The Australian Parliament as well as all of that country’s main political parties have suffered what is being called a “malicious intrusion” on their computer networks.
According to the Australian Prime Minister, Scott Morrison, the cyber-attack which came to light two weeks ago was carried out by a “sophisticated state actor,” which is the polite way of saying that a nation state had carried out the hack.
Australia has been not been immune to hacking attacks over the years. In 2015 for example, a number of government websites as well as Australia’s largest seller of travel insurance, were hacked and the attacker stole more than 770,000 records.
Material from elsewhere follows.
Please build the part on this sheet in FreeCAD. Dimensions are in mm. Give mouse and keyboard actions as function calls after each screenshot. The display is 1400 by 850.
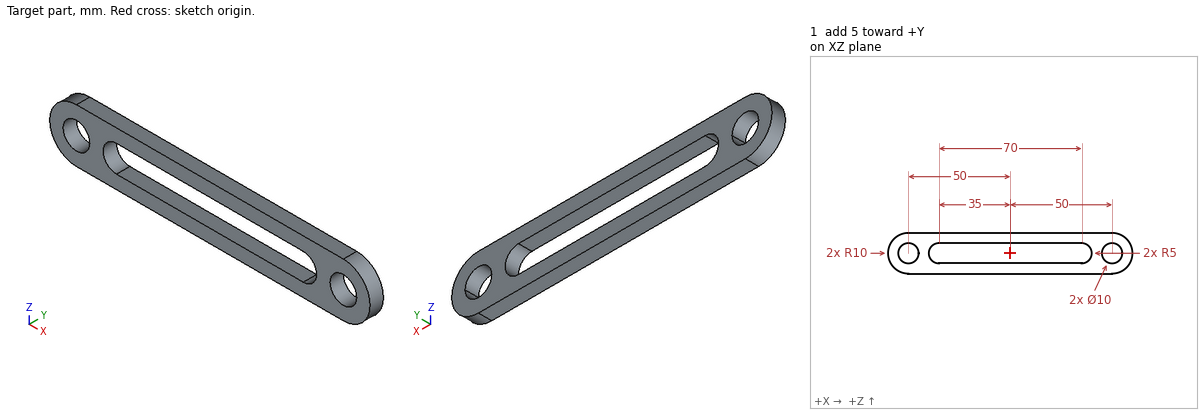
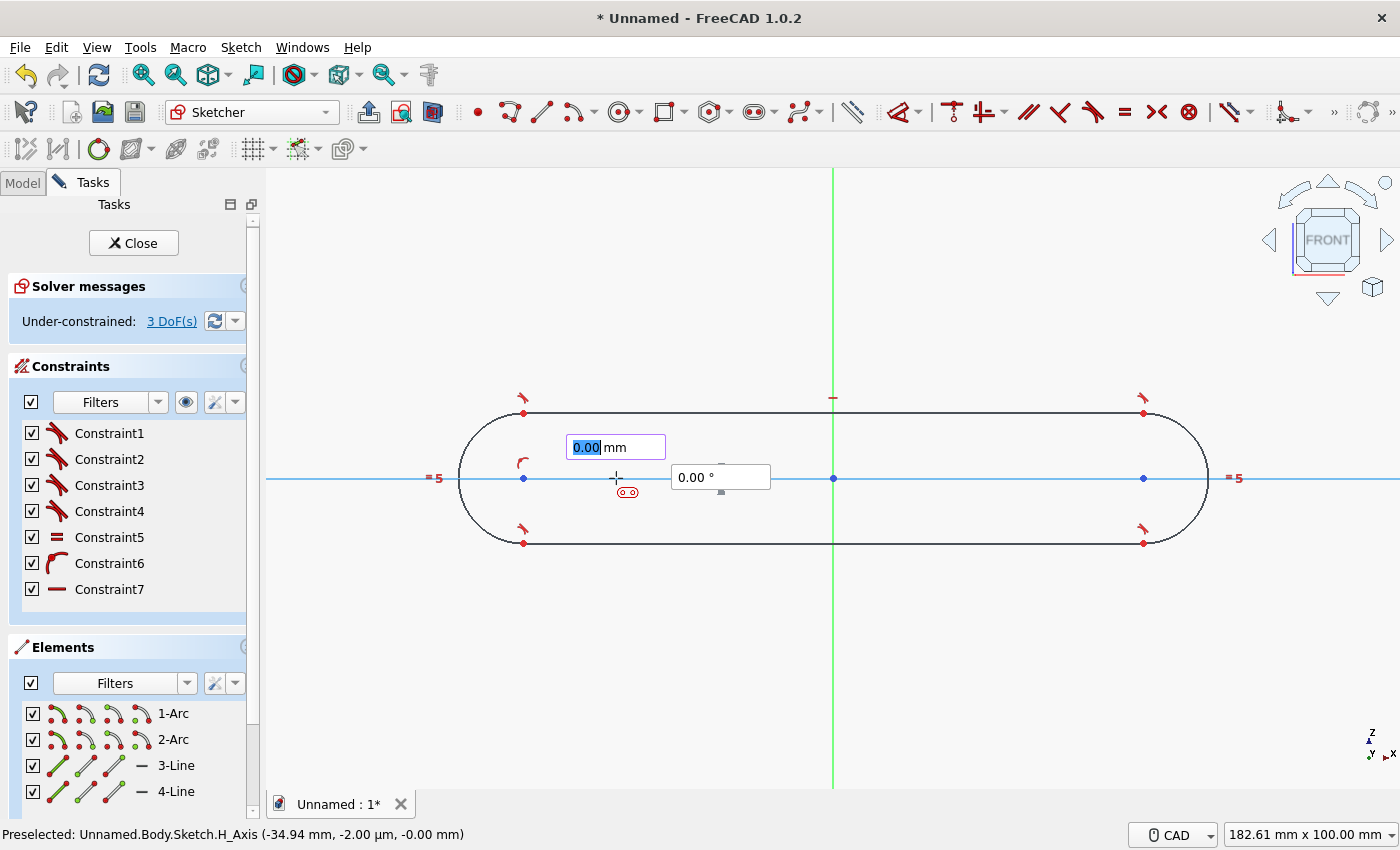
click(1050, 470)

There was 30GB of data on the next generation joint strike fighter jet stolen in a hack in 2017.
Worse was to come in late 2017 when a misconfigured Amazon S3 bucket exposed the personal data of 48,270 people, including staff of several Australian government agencies, banks and a utility.
But now the Australian government has confirmed that a nation state carried out an attack on its Parliament and Aussia political parties.
Prime Minister Scott Morrison was quoted by the BBC as saying that there was “no evidence of any electoral interference”.
Australia is to hold a general election within months.
The attack had initially only involved the parliament’s servers, but soon after that it was discovered the hack was more widespread.
“During the course of this work, we also became aware that the networks of some political parties – Liberal, Labor and Nationals – have also been affected,” Morrison reportedly told the House of Representatives on Monday.
The Australian prime minister did not name which foreign state is thought to have carried out the attack, and he say would not provide additional detail on “operational matters.”
The hack is being investigated by the Australian Cyber Security Centre.
At least one security expert is concerned that the attacks are part of a global trend.
“From the breach of Australia’s parliament and political parties to an attack on the EU’s diplomatic cables, there is a worrying global trend emerging of geopolitically fuelled cyber-attacks,” said
Andrew Tsonchev, director of technology at British cyber-AI company Darktrace Industrial.
“Nation states and cyber criminals are ramping up in sophistication to infiltrate and crawl around, what we consider to be the world’s most secure networks,” said Tsonchev. “It looks like no system, even those belonging to government, are safe from cyber-attack.”
“With Australia’s election looming and those in the US next year, we can expect a hike in disruptive attacks that deliberately attempt to meddle with the instruments of democracy,” he said. “Fortunately, this most recent breach shows no evidence of electoral interference.”
“Protecting data integrity has never been so critical and the public sector will need to leverage the strongest defences to overcome these skilled adversaries,” he added.
The Australian Parliament hack is not the only hack of a nation state parliament.
In 2015 the lower house of the German parliament suffered a damaging cyber attack on its computer network.
And last month the personal data belonging to hundreds of German politicians, celebrities and public figures was been online by an unknown hacker.
The Scottish Parliament suffered a ‘brute force’ cyber attack from ‘external sources’ in 2017, as did the British Parliament in London also in the same year.